How to complete this task -
What you return must match the entries exactly, except that the pictures are gone.

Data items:
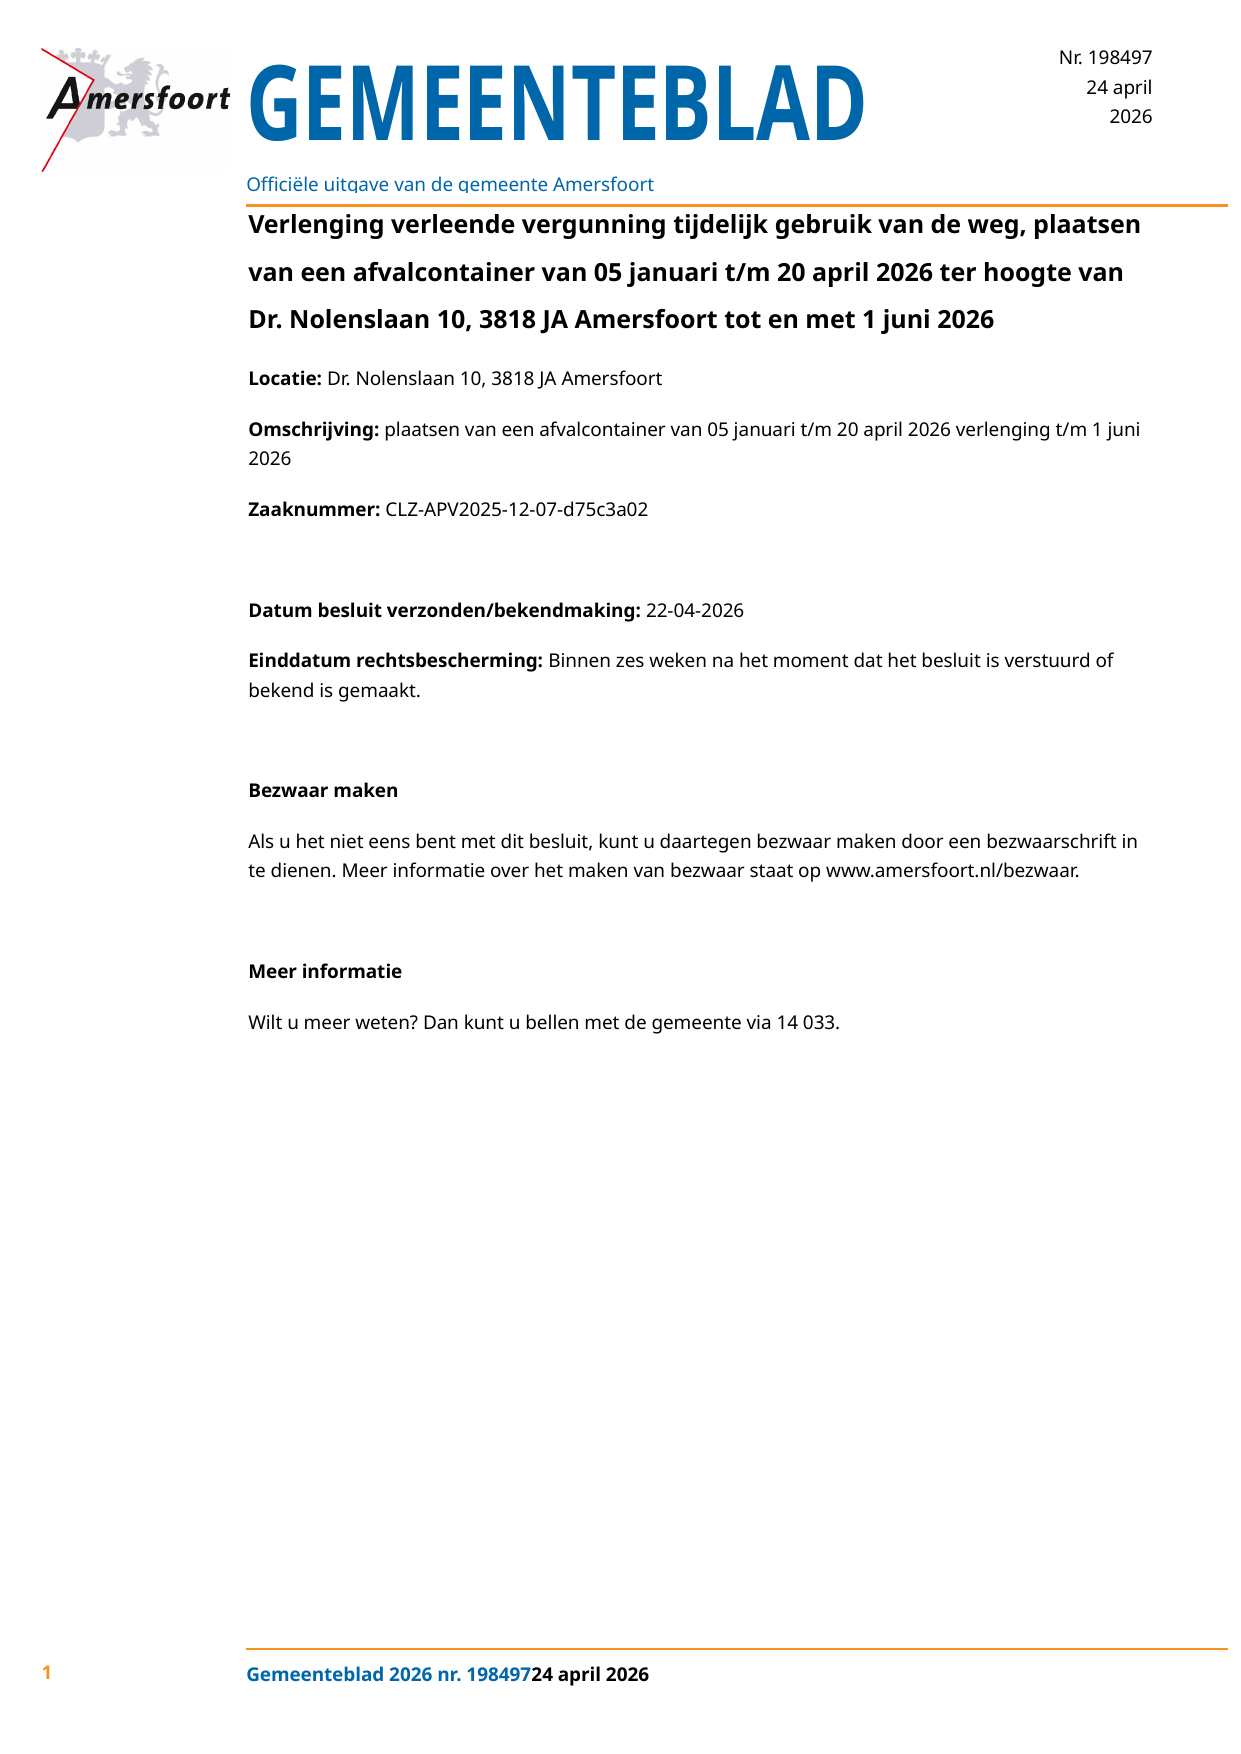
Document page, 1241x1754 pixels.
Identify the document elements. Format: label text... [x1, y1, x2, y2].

text Omschrijving: plaatsen van een afvalcontainer van 05 januari t/m 20 april 2026 verlenging t/m 1 juni 2026 [248, 416, 1152, 471]
text Datum besluit verzonden/bekendmaking: 22-04-2026 [248, 597, 1152, 622]
text Bezwaar maken [248, 778, 1152, 803]
text Verlenging verleende vergunning tijdelijk gebruik van de weg, plaatsen van een afvalcontainer van 05 januari t/m 20 april 2026 ter hoogte van Dr. Nolenslaan 10, 3818 JA Amersfoort tot en met 1 juni 2026 [248, 207, 1152, 336]
text Als u het niet eens bent met dit besluit, kunt u daartegen bezwaar maken door een bezwaarschrift in te dienen. Meer informatie over het maken van bezwaar staat op www.amersfoort.nl/bezwaar. [248, 828, 1152, 883]
picture [41, 47, 231, 172]
text Einddatum rechtsbescherming: Binnen zes weken na het moment dat het besluit is verstuurd of bekend is gemaakt. [248, 647, 1152, 702]
text Meer informatie [248, 958, 1152, 984]
text Zaaknummer: CLZ-APV2025-12-07-d75c3a02 [248, 496, 1152, 522]
text Locatie: Dr. Nolenslaan 10, 3818 JA Amersfoort [248, 366, 1152, 391]
text Wilt u meer weten? Dan kunt u bellen met de gemeente via 14 033. [248, 1009, 1152, 1034]

Result below -
Document page, 1241x1754 pixels.
Identify the document elements. Format: label text... [x1, y1, x2, y2].

text Omschrijving: plaatsen van een afvalcontainer van 05 januari t/m 20 april 2026 verlenging t/m 1 juni 2026 [248, 416, 1152, 471]
text Datum besluit verzonden/bekendmaking: 22-04-2026 [248, 597, 1152, 622]
text Bezwaar maken [248, 778, 1152, 803]
text Verlenging verleende vergunning tijdelijk gebruik van de weg, plaatsen van een afvalcontainer van 05 januari t/m 20 april 2026 ter hoogte van Dr. Nolenslaan 10, 3818 JA Amersfoort tot en met 1 juni 2026 [248, 207, 1152, 336]
text Als u het niet eens bent met dit besluit, kunt u daartegen bezwaar maken door een bezwaarschrift in te dienen. Meer informatie over het maken van bezwaar staat op www.amersfoort.nl/bezwaar. [248, 828, 1152, 883]
picture [41, 47, 231, 172]
text Einddatum rechtsbescherming: Binnen zes weken na het moment dat het besluit is verstuurd of bekend is gemaakt. [248, 647, 1152, 702]
text Meer informatie [248, 958, 1152, 984]
text Zaaknummer: CLZ-APV2025-12-07-d75c3a02 [248, 496, 1152, 522]
text Locatie: Dr. Nolenslaan 10, 3818 JA Amersfoort [248, 366, 1152, 391]
text Wilt u meer weten? Dan kunt u bellen met de gemeente via 14 033. [248, 1009, 1152, 1034]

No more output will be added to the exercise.